(Activity) Your answer must be an exact copy of the records below, with no pictures in it.
[[ Input records, beginning ]]
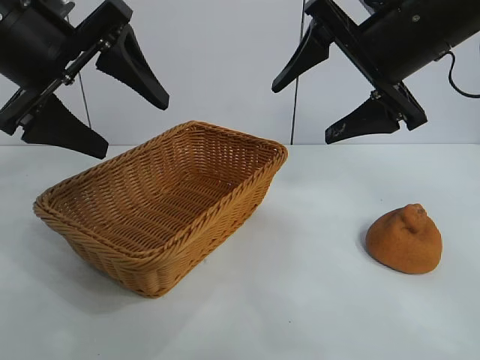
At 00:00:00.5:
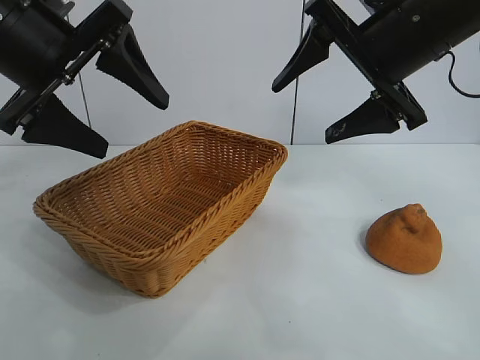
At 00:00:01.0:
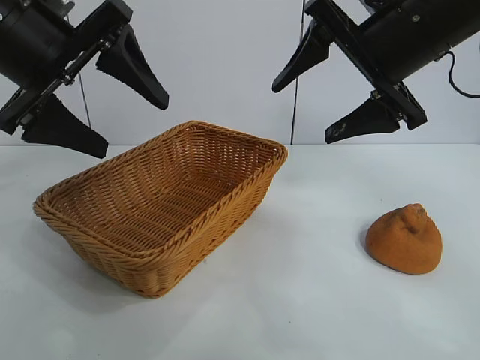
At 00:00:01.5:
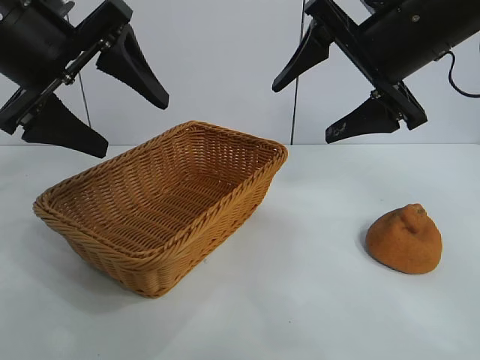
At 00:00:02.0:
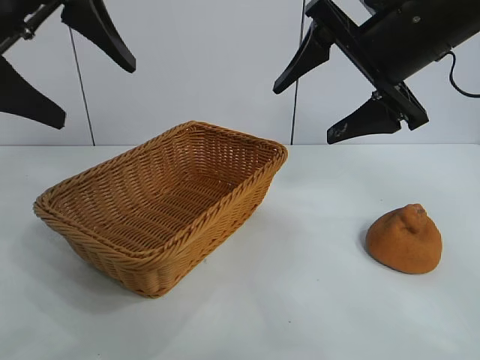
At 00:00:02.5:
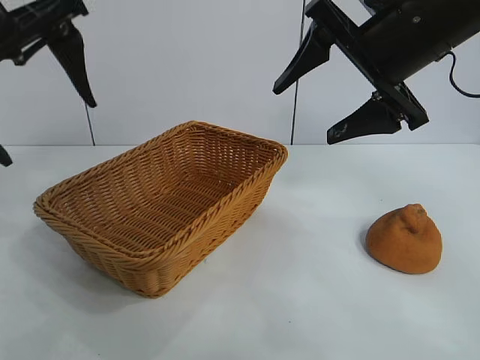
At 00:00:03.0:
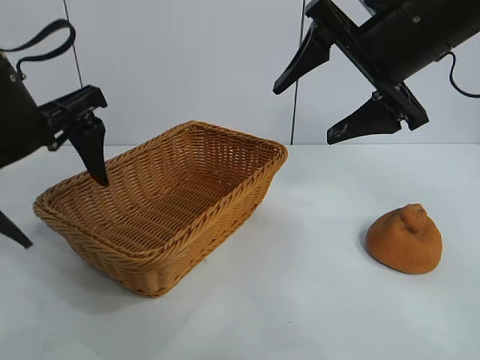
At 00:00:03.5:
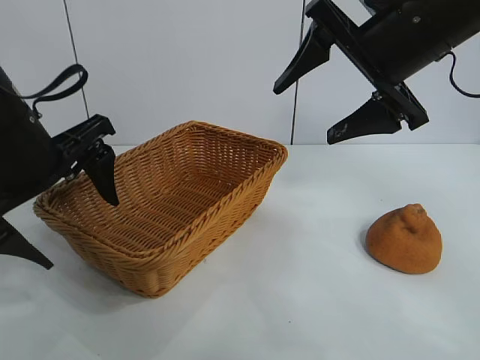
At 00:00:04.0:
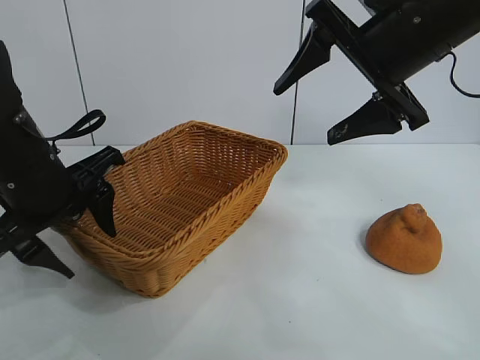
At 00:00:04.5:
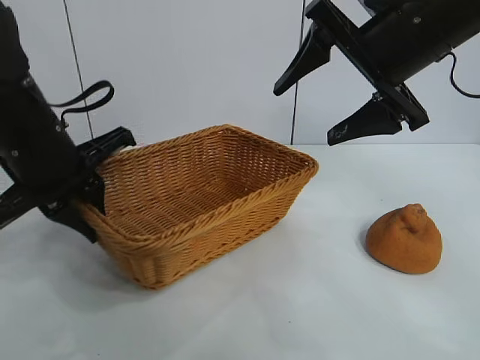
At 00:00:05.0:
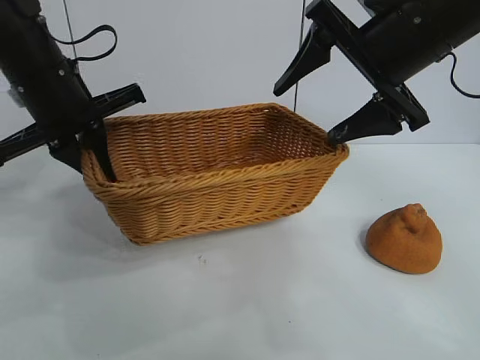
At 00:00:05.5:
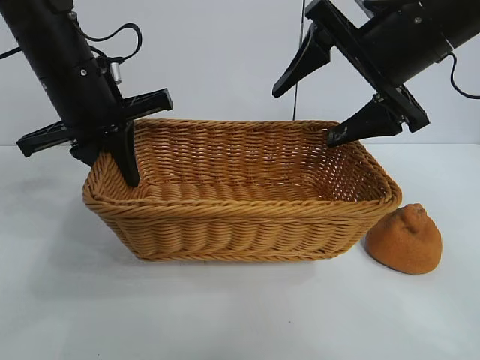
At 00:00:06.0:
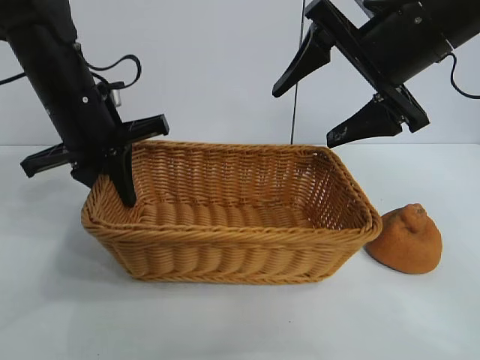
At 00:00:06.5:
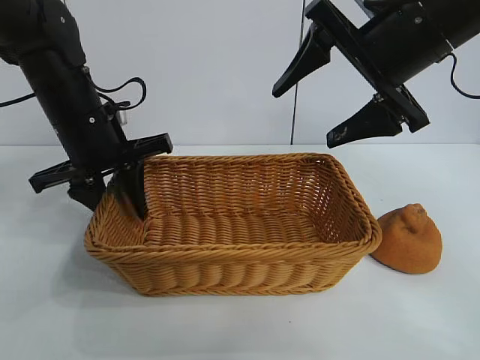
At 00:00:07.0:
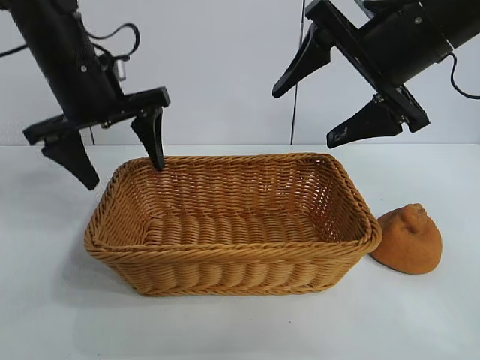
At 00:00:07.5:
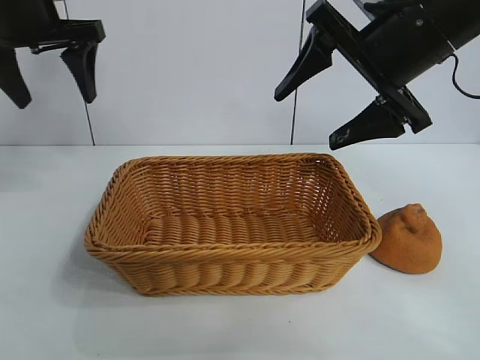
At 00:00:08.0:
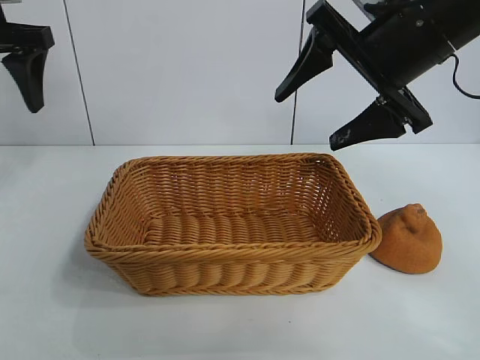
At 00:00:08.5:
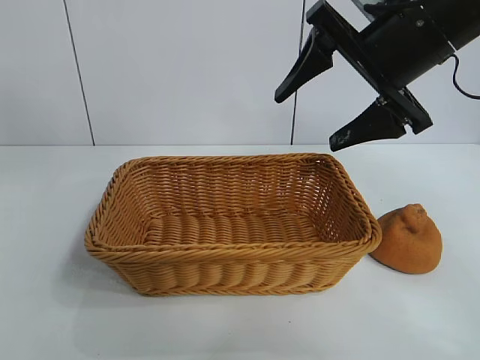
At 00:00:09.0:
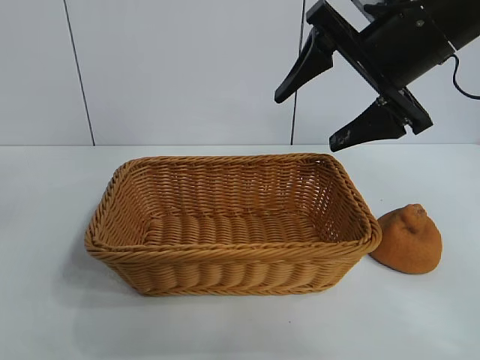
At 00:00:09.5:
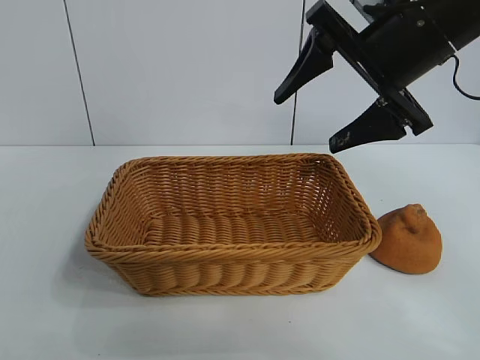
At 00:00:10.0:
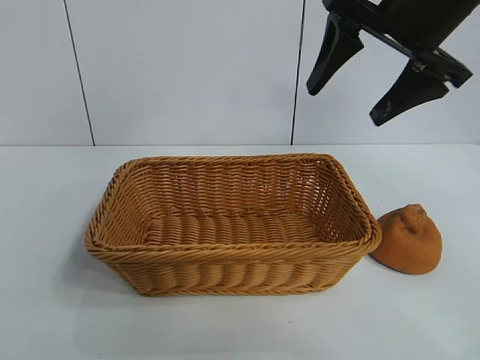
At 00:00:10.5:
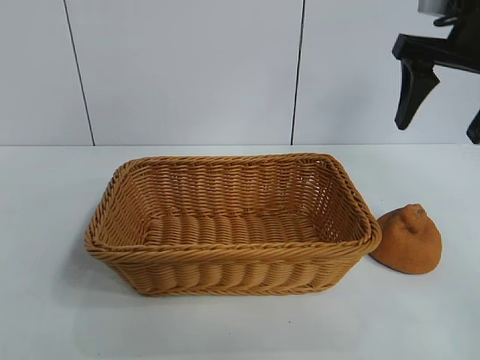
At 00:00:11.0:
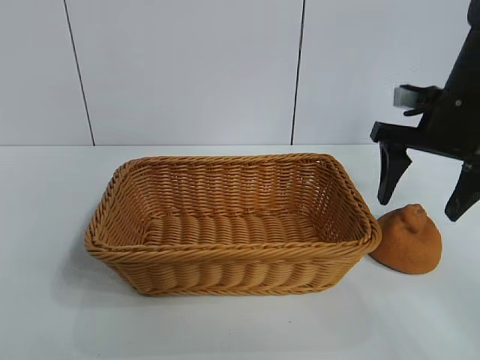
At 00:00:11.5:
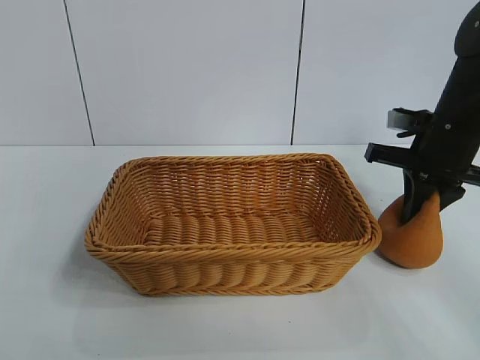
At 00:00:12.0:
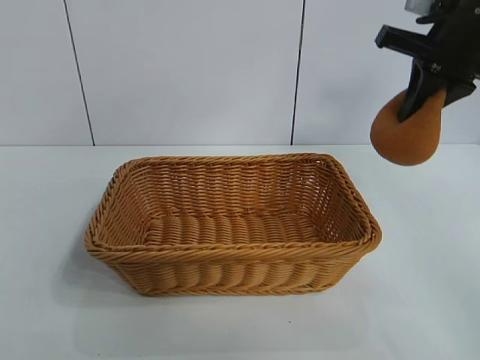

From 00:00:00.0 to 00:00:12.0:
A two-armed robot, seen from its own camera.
[[ Input records, end ]]
(Task solution)
At 00:00:00.5:
At 00:00:01.0:
At 00:00:01.5:
At 00:00:02.0:
At 00:00:02.5:
At 00:00:03.0:
At 00:00:03.5:
At 00:00:04.0:
At 00:00:04.5:
At 00:00:05.0:
At 00:00:05.5:
At 00:00:06.0:
At 00:00:06.5:
At 00:00:07.0:
At 00:00:07.5:
At 00:00:08.0:
At 00:00:08.5:
At 00:00:09.0:
At 00:00:09.5:
At 00:00:10.0:
At 00:00:10.5:
At 00:00:11.0:
At 00:00:11.5:
At 00:00:12.0:

From 00:00:00.0 to 00:00:12.0:
A two-armed robot, seen from its own camera.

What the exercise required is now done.